A computer program can be applied to input data to perform the functions described in the present embodiment to convert the input data to generate output data that is stored to a non-volatile memory. The output information may also be applied to one or more output devices, such as a display. In a preferred embodiment of the invention, the transformed data represents physical and tangible objects, including particular visual depictions of physical and tangible objects produced on a display.

The above description is only a preferred embodiment of the present invention, and the present invention is not limited to the above embodiment, and any modifications, equivalent substitutions, improvements, etc. within the spirit and principle of the present invention should be included in the protection scope of the present invention as long as the technical effects of the present invention are achieved by the same means. The technical solution and/or the embodiments thereof may be variously modified and varied within the scope of the present invention.

Claims

1. A method for controlling a communication user terminal, the method comprising:

acquiring position information of a user terminal;

controlling the user terminal to be in a sleep state during the timing of the third timer.

2. The method of claim 1, wherein the generating a first timer, a second timer, and a third timer based on the location information of the ue and the location information of the first bs comprises:

configuring the first timer with the first timing value.

3. The method of claim 2, wherein said generating a first timing value based on said intersection region and said movement speed comprises:

determining the component magnitude of the motion speed in the bisection axis direction;

determining the first timing value according to the component size; the magnitude of said first timing value is inversely related to the absolute value of the magnitude of said component.

4. The method of claim 1, wherein the generating a first timer, a second timer, and a third timer based on the location information of the ue and the location information of the first bs comprises:

generating a second timing value with a fixed value;

configuring the second timer with the second timing value.
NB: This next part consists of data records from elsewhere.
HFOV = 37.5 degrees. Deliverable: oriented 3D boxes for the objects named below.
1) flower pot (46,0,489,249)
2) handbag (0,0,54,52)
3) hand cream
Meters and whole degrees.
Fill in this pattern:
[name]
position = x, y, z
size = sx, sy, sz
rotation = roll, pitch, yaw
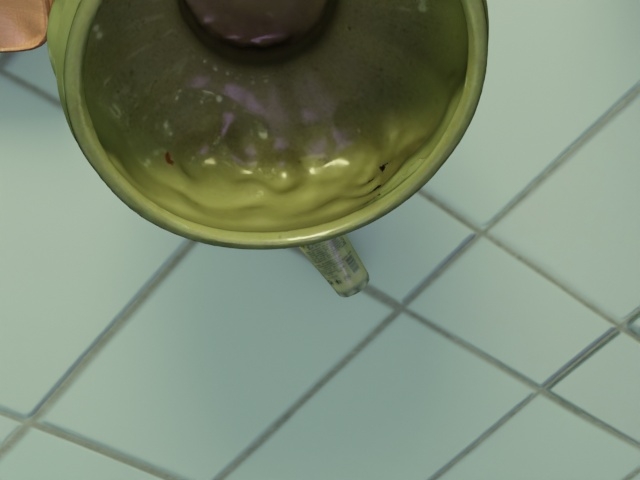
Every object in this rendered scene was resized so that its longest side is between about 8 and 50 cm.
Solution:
[flower pot]
position = -0.039, -0.168, 0.697
size = 0.308, 0.244, 0.307
rotation = -5, 129, -6
[handbag]
position = -0.319, -0.220, 0.717
size = 0.213, 0.059, 0.157
rotation = -5, 128, -6
[hand cream]
position = 0.000, 0.000, 0.968
size = 0.061, 0.039, 0.143
rotation = -25, 119, 17
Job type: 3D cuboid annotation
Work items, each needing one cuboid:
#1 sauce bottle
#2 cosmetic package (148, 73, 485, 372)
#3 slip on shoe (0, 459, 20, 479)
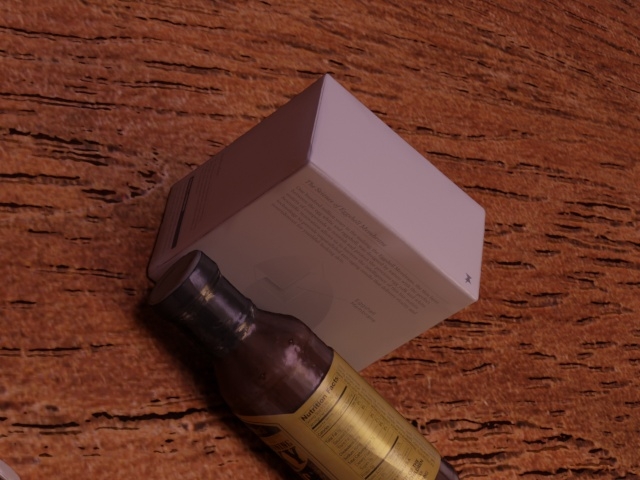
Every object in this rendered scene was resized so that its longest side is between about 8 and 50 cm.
[{"bbox_3d":[-0.018,0.147,1.811,0.344,0.111,0.111,45,36,-15],"label":"sauce bottle"},{"bbox_3d":[0.000,0.000,1.847,0.224,0.224,0.138,39,38,-25],"label":"cosmetic package"},{"bbox_3d":[-0.254,0.212,1.526,0.135,0.051,0.041,50,46,-21],"label":"slip on shoe"}]
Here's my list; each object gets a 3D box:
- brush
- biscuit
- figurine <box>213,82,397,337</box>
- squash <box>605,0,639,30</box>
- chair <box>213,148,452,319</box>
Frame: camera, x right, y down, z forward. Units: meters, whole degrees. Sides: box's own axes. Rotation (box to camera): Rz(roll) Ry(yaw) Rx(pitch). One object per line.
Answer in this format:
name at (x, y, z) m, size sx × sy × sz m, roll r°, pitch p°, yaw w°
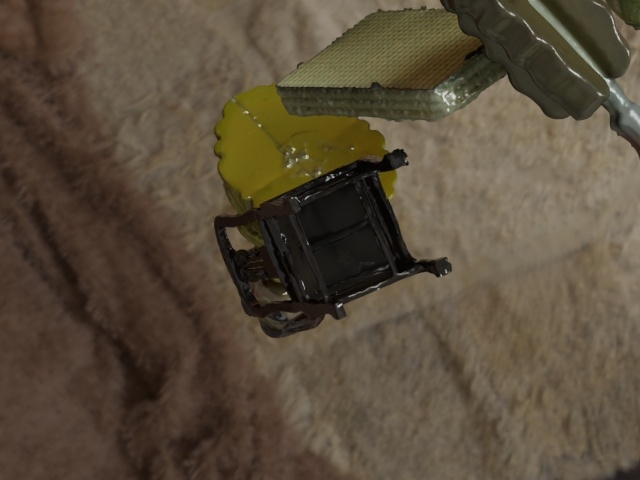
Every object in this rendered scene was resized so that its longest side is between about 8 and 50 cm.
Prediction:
brush at (0.203, -0.091, 0.955) m, size 0.301 × 0.071 × 0.084 m, roll 44°, pitch 80°, yaw -20°
biscuit at (0.064, -0.131, 1.045) m, size 0.199 × 0.121 × 0.041 m, roll 10°, pitch 132°, yaw 55°
figurine at (-0.033, 0.004, 1.481) m, size 0.187 × 0.168 × 0.315 m, roll 20°, pitch 147°, yaw 5°
squash at (0.352, -0.273, 1.561) m, size 0.105 × 0.105 × 0.132 m, roll 10°, pitch 151°, yaw 15°
chair at (0.000, 0.000, 1.162) m, size 0.113 × 0.229 × 0.106 m, roll -23°, pitch 96°, yaw -17°
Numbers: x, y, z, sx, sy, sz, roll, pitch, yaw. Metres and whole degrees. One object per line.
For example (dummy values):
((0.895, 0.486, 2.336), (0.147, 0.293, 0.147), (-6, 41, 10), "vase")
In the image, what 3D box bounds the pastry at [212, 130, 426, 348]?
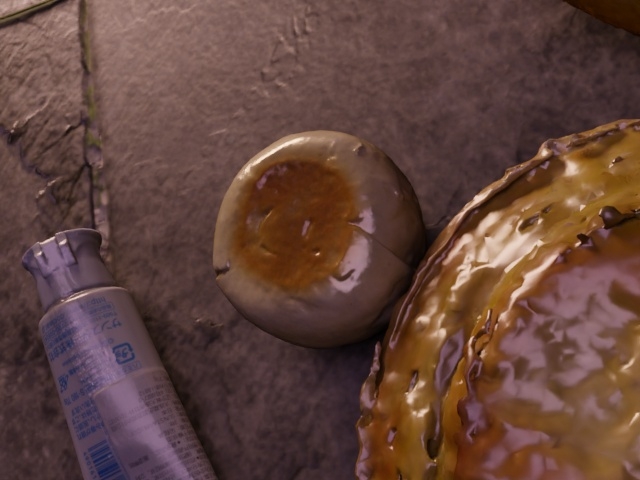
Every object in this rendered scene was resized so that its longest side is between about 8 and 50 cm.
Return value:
((0.000, 0.000, 0.717), (0.156, 0.092, 0.156), (-8, 67, 20), "pastry")

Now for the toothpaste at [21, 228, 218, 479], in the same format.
((-0.144, 0.135, 0.752), (0.114, 0.073, 0.299), (-28, 72, 11), "toothpaste")

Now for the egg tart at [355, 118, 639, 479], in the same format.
((0.215, 0.112, 0.543), (0.443, 0.178, 0.443), (-6, 72, 20), "egg tart")

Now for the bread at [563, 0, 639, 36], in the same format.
((0.328, -0.260, 0.628), (0.337, 0.148, 0.328), (25, 85, 35), "bread")
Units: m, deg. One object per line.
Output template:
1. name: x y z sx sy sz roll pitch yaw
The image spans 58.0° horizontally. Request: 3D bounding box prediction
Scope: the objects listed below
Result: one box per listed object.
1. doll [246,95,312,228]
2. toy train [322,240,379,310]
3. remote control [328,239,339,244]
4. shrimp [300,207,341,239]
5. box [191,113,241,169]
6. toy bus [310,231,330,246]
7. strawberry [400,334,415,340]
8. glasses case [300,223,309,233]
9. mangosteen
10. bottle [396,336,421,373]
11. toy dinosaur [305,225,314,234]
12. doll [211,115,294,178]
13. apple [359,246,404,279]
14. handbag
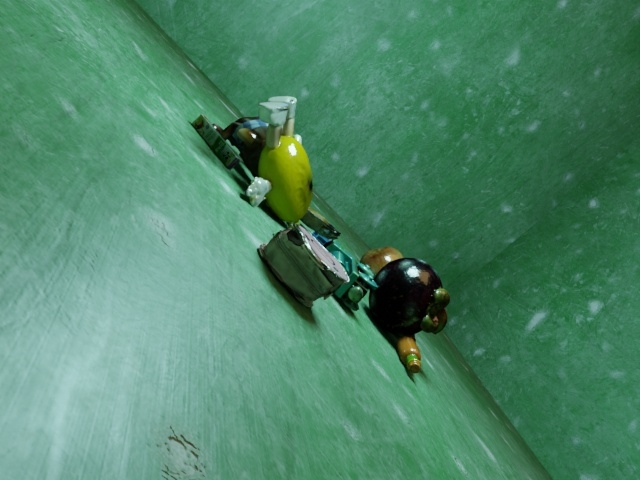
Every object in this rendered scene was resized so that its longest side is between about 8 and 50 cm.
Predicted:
1. doll: -0.124 -0.249 1.810 0.161 0.422 0.348 7 -2 24
2. toy train: 0.075 0.105 1.829 0.194 0.120 0.298 40 8 -5
3. remote control: 0.008 -0.049 2.590 0.261 0.029 0.067 51 7 36
4. shrimp: -0.014 -0.059 2.004 0.164 0.062 0.317 43 -4 -42
5. box: -0.334 -0.317 1.853 0.207 0.050 0.041 50 9 16
6. toy bus: 0.000 0.000 2.182 0.083 0.046 0.038 42 10 -37
7. strawberry: 0.284 0.284 2.201 0.236 0.107 0.175 -108 -168 -71
8. glasses case: -0.070 -0.045 2.102 0.083 0.021 0.032 44 7 -33
9. mangosteen: 0.309 0.200 2.007 0.288 0.288 0.288 47 7 -8
10. bottle: 0.288 0.372 1.849 0.069 0.069 0.187 47 9 -9
11. toy dinosaur: -0.029 -0.027 2.260 0.083 0.021 0.062 53 0 3
12. doll: -0.223 -0.329 2.060 0.318 0.209 0.340 8 19 -27
13. apple: 0.275 0.128 2.532 0.211 0.211 0.187 -90 164 -80
14. handbag: -0.039 0.055 1.364 0.205 0.116 0.179 50 8 4
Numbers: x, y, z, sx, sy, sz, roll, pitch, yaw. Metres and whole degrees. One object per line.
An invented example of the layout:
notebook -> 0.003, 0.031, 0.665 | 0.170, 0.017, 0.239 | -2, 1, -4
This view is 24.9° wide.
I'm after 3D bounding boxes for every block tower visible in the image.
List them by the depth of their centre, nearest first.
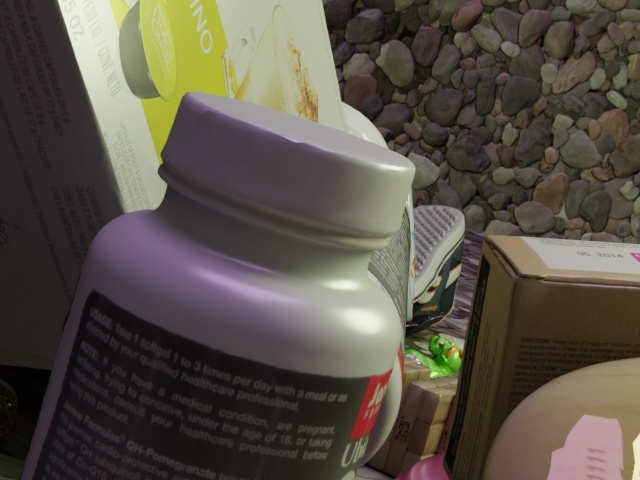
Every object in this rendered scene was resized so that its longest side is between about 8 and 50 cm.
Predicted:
block tower -> -0.007, 0.127, 1.392 | 0.335, 0.097, 0.091 | 21, 9, 28

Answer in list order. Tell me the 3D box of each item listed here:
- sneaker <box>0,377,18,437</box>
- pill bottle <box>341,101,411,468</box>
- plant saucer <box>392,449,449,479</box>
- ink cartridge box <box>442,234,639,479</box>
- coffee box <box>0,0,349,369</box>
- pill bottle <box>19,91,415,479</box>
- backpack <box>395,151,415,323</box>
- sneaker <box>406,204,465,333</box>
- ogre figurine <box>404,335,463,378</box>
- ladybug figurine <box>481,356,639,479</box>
sneaker -> -0.311, 0.104, 1.038 | 0.188, 0.066, 0.071 | 11, 10, -36
pill bottle -> -0.028, 0.027, 1.241 | 0.210, 0.210, 0.363 | 17, 31, -4
plant saucer -> 0.214, 0.239, 1.159 | 0.332, 0.084, 0.332 | 17, 9, -3
ink cartridge box -> 0.221, 0.102, 1.048 | 0.234, 0.193, 0.088 | 4, 20, -12
coffee box -> -0.212, -0.142, 1.038 | 0.338, 0.338, 0.334 | 4, 35, 24
pill bottle -> -0.059, 0.089, 0.789 | 0.176, 0.319, 0.176 | 17, 10, -3
backpack -> 0.000, 0.000, 1.653 | 0.213, 0.277, 0.263 | 3, 0, -12
sneaker -> 0.099, 0.071, 1.903 | 0.126, 0.127, 0.321 | 16, 32, 30
ogre figurine -> 0.090, 0.139, 1.506 | 0.118, 0.097, 0.197 | 25, -28, 43
ladybug figurine -> 0.302, 0.234, 0.922 | 0.449, 0.162, 0.305 | 18, 43, -4
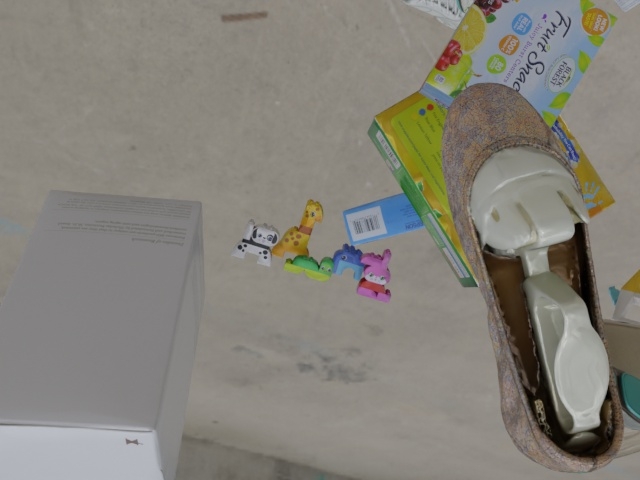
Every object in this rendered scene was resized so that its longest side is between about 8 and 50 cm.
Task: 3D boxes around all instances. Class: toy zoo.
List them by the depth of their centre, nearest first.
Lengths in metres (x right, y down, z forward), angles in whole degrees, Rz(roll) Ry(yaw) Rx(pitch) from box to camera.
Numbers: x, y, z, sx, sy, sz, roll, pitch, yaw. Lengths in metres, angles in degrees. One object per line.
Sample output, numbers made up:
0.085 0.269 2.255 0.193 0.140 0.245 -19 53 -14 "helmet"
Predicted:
0.792 0.149 1.586 0.293 0.192 0.030 18 144 40 "toy zoo"

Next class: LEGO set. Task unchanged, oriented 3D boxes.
0.000 0.000 0.998 0.227 0.087 0.093 17 105 -4 "LEGO set"

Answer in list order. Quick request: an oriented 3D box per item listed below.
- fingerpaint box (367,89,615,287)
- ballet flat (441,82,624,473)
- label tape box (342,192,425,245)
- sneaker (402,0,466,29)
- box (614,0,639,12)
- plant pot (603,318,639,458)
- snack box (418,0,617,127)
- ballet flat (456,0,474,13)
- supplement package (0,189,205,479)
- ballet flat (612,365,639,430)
0.383 -0.172 1.635 0.371 0.444 0.163 -32 178 -4 "fingerpaint box"
0.170 0.023 0.538 0.108 0.315 0.106 -15 179 -1 "ballet flat"
0.263 -0.085 2.063 0.249 0.115 0.348 -16 178 34 "label tape box"
0.229 -0.475 1.375 0.292 0.118 0.110 30 122 15 "sneaker"
0.572 -0.513 1.295 0.137 0.072 0.126 42 153 -11 "box"
0.542 0.250 1.217 0.274 0.256 0.256 -1 151 -7 "plant pot"
0.261 -0.246 0.945 0.175 0.207 0.070 32 180 0 "snack box"
0.302 -0.410 1.193 0.077 0.091 0.241 -9 -167 33 "ballet flat"
-0.228 0.111 0.749 0.176 0.292 0.177 4 135 -4 "supplement package"
0.378 0.202 0.945 0.213 0.072 0.068 33 137 -17 "ballet flat"
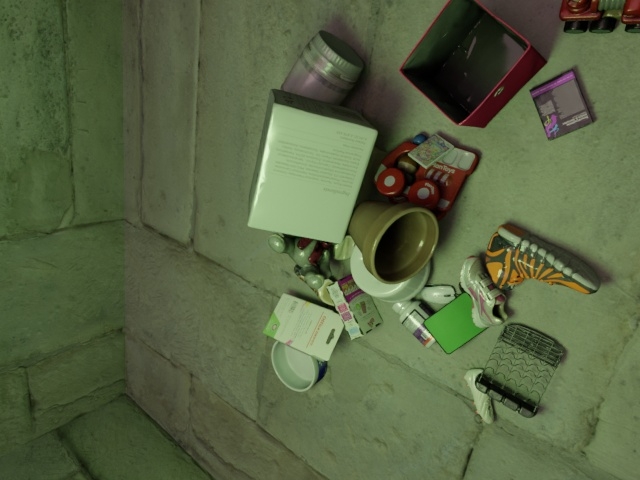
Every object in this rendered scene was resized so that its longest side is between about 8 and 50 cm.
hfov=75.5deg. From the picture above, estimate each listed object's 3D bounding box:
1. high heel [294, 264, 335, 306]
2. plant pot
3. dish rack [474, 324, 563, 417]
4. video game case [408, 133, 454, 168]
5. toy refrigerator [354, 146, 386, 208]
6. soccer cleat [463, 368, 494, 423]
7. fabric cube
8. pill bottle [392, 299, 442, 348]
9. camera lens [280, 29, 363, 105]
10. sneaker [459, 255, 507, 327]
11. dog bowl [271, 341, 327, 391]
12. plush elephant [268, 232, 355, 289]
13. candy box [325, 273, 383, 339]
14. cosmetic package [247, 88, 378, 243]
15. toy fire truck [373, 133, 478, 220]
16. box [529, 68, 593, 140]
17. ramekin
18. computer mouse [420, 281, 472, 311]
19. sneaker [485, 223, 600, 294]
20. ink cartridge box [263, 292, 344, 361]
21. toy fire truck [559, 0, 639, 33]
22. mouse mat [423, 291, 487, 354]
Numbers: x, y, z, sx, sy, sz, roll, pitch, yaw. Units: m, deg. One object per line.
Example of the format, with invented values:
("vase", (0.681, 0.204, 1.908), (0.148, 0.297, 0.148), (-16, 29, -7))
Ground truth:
("high heel", (-0.004, 0.193, 1.821), (0.261, 0.186, 0.093), (42, 85, -10))
("plant pot", (0.208, -0.027, 1.330), (0.229, 0.262, 0.263), (43, 126, 50))
("dish rack", (0.645, 0.418, 1.348), (0.208, 0.074, 0.272), (26, 98, 28))
("video game case", (0.361, -0.293, 1.350), (0.087, 0.122, 0.011), (47, 168, 33))
("toy refrigerator", (0.142, -0.229, 1.576), (0.102, 0.094, 0.270), (34, 120, 26))
("soccer cleat", (0.572, 0.547, 1.452), (0.076, 0.068, 0.196), (-26, 81, 35))
("fabric cube", (0.437, -0.499, 1.184), (0.259, 0.258, 0.254), (51, 124, 17))
("pill bottle", (0.360, 0.292, 1.524), (0.193, 0.108, 0.108), (45, 123, 21))
("camera lens", (-0.001, -0.585, 1.519), (0.219, 0.219, 0.274), (53, 126, 15))
("sneaker", (0.543, 0.166, 1.346), (0.111, 0.102, 0.252), (-10, 103, 60))
("dog bowl", (-0.101, 0.562, 1.940), (0.264, 0.104, 0.265), (9, 106, 36))
("plush elephant", (0.000, 0.000, 1.654), (0.255, 0.330, 0.272), (-45, 86, 12))
("candy box", (0.137, 0.257, 1.653), (0.071, 0.159, 0.234), (-32, 80, 39))
("cosmetic package", (-0.048, -0.254, 1.393), (0.329, 0.327, 0.394), (-106, 30, -62))
("toy fire truck", (0.345, -0.224, 1.402), (0.302, 0.169, 0.254), (28, 90, 30))
("box", (0.681, -0.381, 1.172), (0.116, 0.029, 0.162), (-21, 86, 39))
("ramekin", (0.242, 0.083, 1.493), (0.277, 0.135, 0.278), (-7, 76, 31))
("computer mouse", (0.443, 0.197, 1.480), (0.192, 0.042, 0.106), (-4, 99, 38))
("sneaker", (0.655, 0.098, 1.262), (0.321, 0.124, 0.180), (40, 126, 36))
("ink cartridge box", (-0.048, 0.383, 1.789), (0.353, 0.119, 0.207), (15, 69, 35))
("toy fire truck", (0.689, -0.598, 0.975), (0.217, 0.246, 0.159), (19, 112, 33))
("mouse mat", (0.471, 0.287, 1.428), (0.189, 0.007, 0.153), (-38, 92, 8))
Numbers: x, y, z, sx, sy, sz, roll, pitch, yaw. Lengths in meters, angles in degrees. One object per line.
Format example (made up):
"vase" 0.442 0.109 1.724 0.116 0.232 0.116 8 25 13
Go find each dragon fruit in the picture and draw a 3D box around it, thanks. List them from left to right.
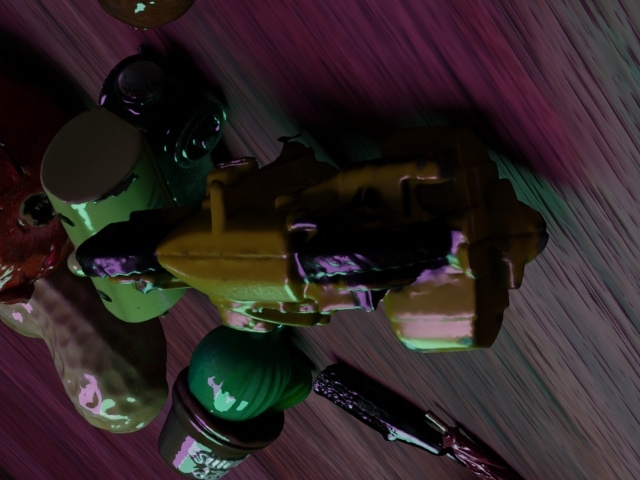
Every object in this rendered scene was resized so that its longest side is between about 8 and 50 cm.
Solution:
"dragon fruit" -0.321 -0.055 1.700 0.241 0.241 0.252 46 153 -21

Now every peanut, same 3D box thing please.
"peanut" -0.247 0.062 1.891 0.298 0.136 0.120 52 -154 22

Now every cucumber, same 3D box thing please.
"cucumber" 0.064 0.163 1.757 0.163 0.039 0.043 31 -178 30

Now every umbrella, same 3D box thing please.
"umbrella" 0.155 0.206 1.702 0.165 0.025 0.027 39 141 -5

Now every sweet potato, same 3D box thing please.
"sweet potato" -0.115 -0.171 1.241 0.075 0.075 0.269 42 166 -6

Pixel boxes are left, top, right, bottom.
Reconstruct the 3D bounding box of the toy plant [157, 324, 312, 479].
"toy plant" -0.074 0.144 1.836 0.143 0.200 0.105 11 -142 -42

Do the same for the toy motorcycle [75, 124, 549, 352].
"toy motorcycle" 0.000 0.002 1.281 0.342 0.206 0.142 -1 105 51

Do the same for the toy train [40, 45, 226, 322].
"toy train" -0.139 -0.032 1.487 0.105 0.157 0.253 33 161 22

5. The method of claim 1, wherein the generating a first timer, a second timer, and a third timer based on the location information of the ue and the location information of the first bs comprises:

acquiring the position information of a second base station; the second base station is a base station which is predicted to be accessed after the user terminal is disconnected with the first base station;

generating a third timing value according to the movement time;

configuring the third timer with the third timing value.

6. The method of claim 1, wherein in said active state, said ue is maintained in communication with said first base station.

7. The method as claimed in claim 1, wherein in the dormant standby state, the ue maintains the communication connection with the first base station, monitors data transmission between the ue and the first base station, returns to restart the continuous timing from the first timer when the data transmission satisfies a preset condition, and continues the timing of the second timer when the data transmission does not satisfy the preset condition.

8. The method of claim 1, wherein in the dormant state, the communication connection between the ue and the first bs is disconnected, and the ue is stopped from sending a registration request.

9. A computer arrangement comprising a memory for storing at least one program and a processor for loading the at least one program to perform the method of any of claims 1 to 8.

10. A computer-readable storage medium in which a processor-executable program is stored, the processor-executable program being configured to perform the method of controlling a communication user terminal according to any one of claims 1 to 8 when executed by a processor.